Tokenizing the names in the data and extracting any prefix.

In [14]:
def preprocess(df):
  df = df.copy()

  def normalize_name(x):
    return " ".join([v.strip(",()[].\"'") for v in x.split(" ")])

  def ticket_number(x):
    return x.split(" ")[-1]

  def ticket_item(x):
    items = x.split(" ")
    if len(items) == 1:
      return "NONE"
    return "_".join(items[0:-1])

  df["Name"] = df["Name"].apply(normalize_name)
  df["Ticket_number"] = df["Ticket"].apply(ticket_number)
  df["Ticket_item"] = df["Ticket"].apply(ticket_item)
  return df

preprocessed_train_df = preprocess(tfdf_train_data)
preprocessed_test_df = preprocess(tfdf_test_data)

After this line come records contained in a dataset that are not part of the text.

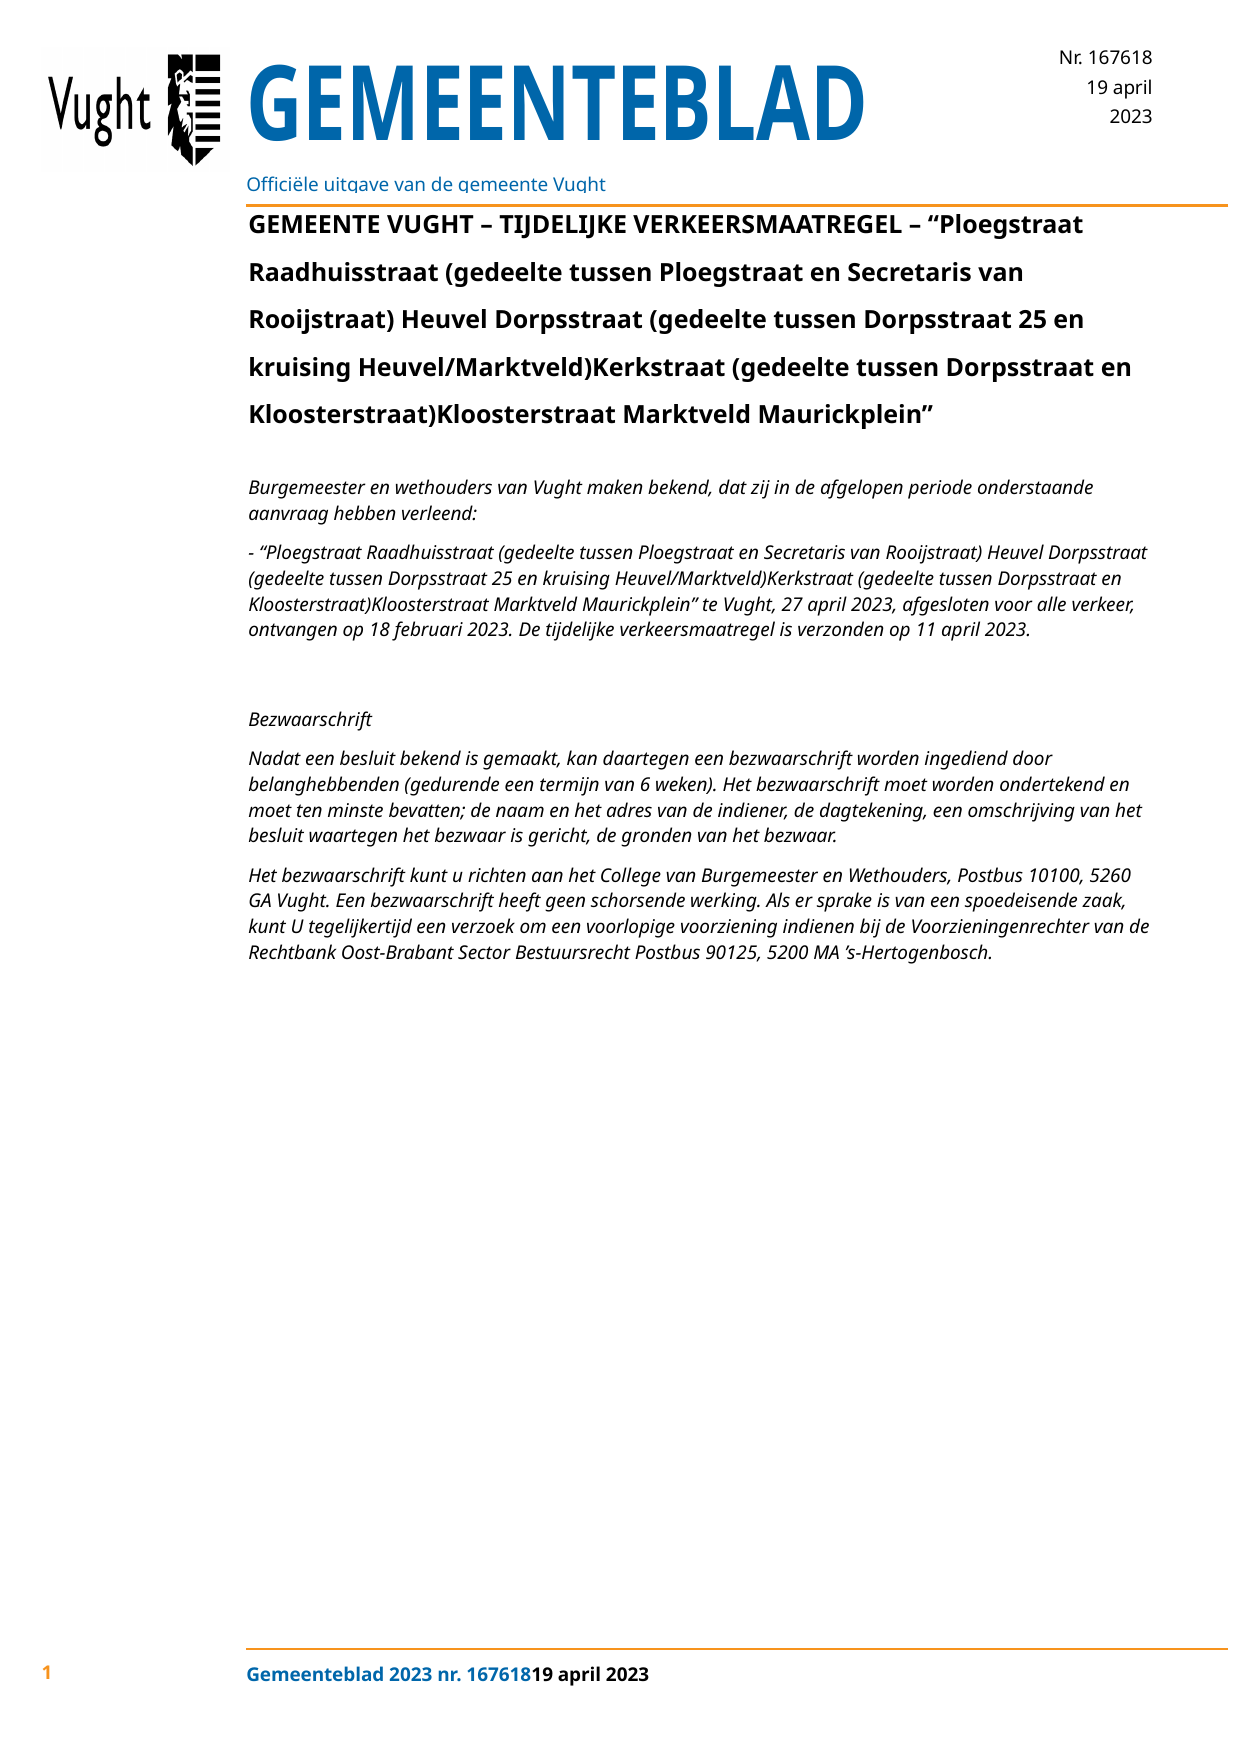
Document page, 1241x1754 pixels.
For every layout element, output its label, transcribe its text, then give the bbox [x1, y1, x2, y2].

text Burgemeester en wethouders van Vught maken bekend, dat zij in de afgelopen periode onderstaande aanvraag hebben verleend: [248, 474, 1152, 526]
text Het bezwaarschrift kunt u richten aan het College van Burgemeester en Wethouders, Postbus 10100, 5260 GA Vught. Een bezwaarschrift heeft geen schorsende werking. Als er sprake is van een spoedeisende zaak, kunt U tegelijkertijd een verzoek om een voorlopige voorziening indienen bij de Voorzieningenrechter van de Rechtbank Oost-Brabant Sector Bestuursrecht Postbus 90125, 5200 MA ’s-Hertogenbosch. [248, 862, 1152, 965]
text Nadat een besluit bekend is gemaakt, kan daartegen een bezwaarschrift worden ingediend door belanghebbenden (gedurende een termijn van 6 weken). Het bezwaarschrift moet worden ondertekend en moet ten minste bevatten; de naam en het adres van de indiener, de dagtekening, een omschrijving van het besluit waartegen het bezwaar is gericht, de gronden van het bezwaar. [248, 745, 1152, 848]
text - “Ploegstraat Raadhuisstraat (gedeelte tussen Ploegstraat en Secretaris van Rooijstraat) Heuvel Dorpsstraat (gedeelte tussen Dorpsstraat 25 en kruising Heuvel/Marktveld)Kerkstraat (gedeelte tussen Dorpsstraat en Kloosterstraat)Kloosterstraat Marktveld Maurickplein” te Vught, 27 april 2023, afgesloten voor alle verkeer, ontvangen op 18 februari 2023. De tijdelijke verkeersmaatregel is verzonden op 11 april 2023. [248, 539, 1152, 642]
text Bezwaarschrift [248, 706, 1152, 732]
text GEMEENTE VUGHT – TIJDELIJKE VERKEERSMAATREGEL – “Ploegstraat Raadhuisstraat (gedeelte tussen Ploegstraat en Secretaris van Rooijstraat) Heuvel Dorpsstraat (gedeelte tussen Dorpsstraat 25 en kruising Heuvel/Marktveld)Kerkstraat (gedeelte tussen Dorpsstraat en Kloosterstraat)Kloosterstraat Marktveld Maurickplein” [248, 207, 1152, 431]
picture [41, 47, 231, 172]

preprocessed_train_df.head(5)

Unnamed: 0,PassengerId,Survived,Pclass,Name,Sex,Age,SibSp,Parch,Ticket,Fare,Cabin,Embarked,Ticket_number,Ticket_item
0,1,0,3,Braund Mr Owen Harris,male,22.0,1,0,A/5 21171,7.25,,S,21171,A/5
1,2,1,1,Cumings Mrs John Bradley Florence Briggs Thayer,female,38.0,1,0,PC 17599,71.2833,C85,C,17599,PC
2,3,1,3,Heikkinen Miss Laina,female,26.0,0,0,STON/O2. 3101282,7.925,,S,3101282,STON/O2.
3,4,1,1,Futrelle Mrs Jacques Heath Lily May Peel,female,35.0,1,0,113803,53.1,C123,S,113803,NONE
4,5,0,3,Allen Mr William Henry,male,35.0,0,0,373450,8.05,,S,373450,NONE


We don't want to train the model on "PassengerID" and "Ticket" features.

In [16]:
input_features = list(preprocessed_train_df.columns)
input_features.remove("Ticket")
input_features.remove("PassengerId")
input_features.remove("Survived")

## Converting dataset to TensorFlow dataset

In [20]:
def tokenize_names(features, labels = None):
  features["Name"] = tf.strings.split(features["Name"])
  return features, labels

train_ds = tfdf.keras.pd_dataframe_to_tf_dataset(preprocessed_train_df, label = "Survived").map(tokenize_names)
test_ds = tfdf.keras.pd_dataframe_to_tf_dataset(preprocessed_test_df).map(tokenize_names)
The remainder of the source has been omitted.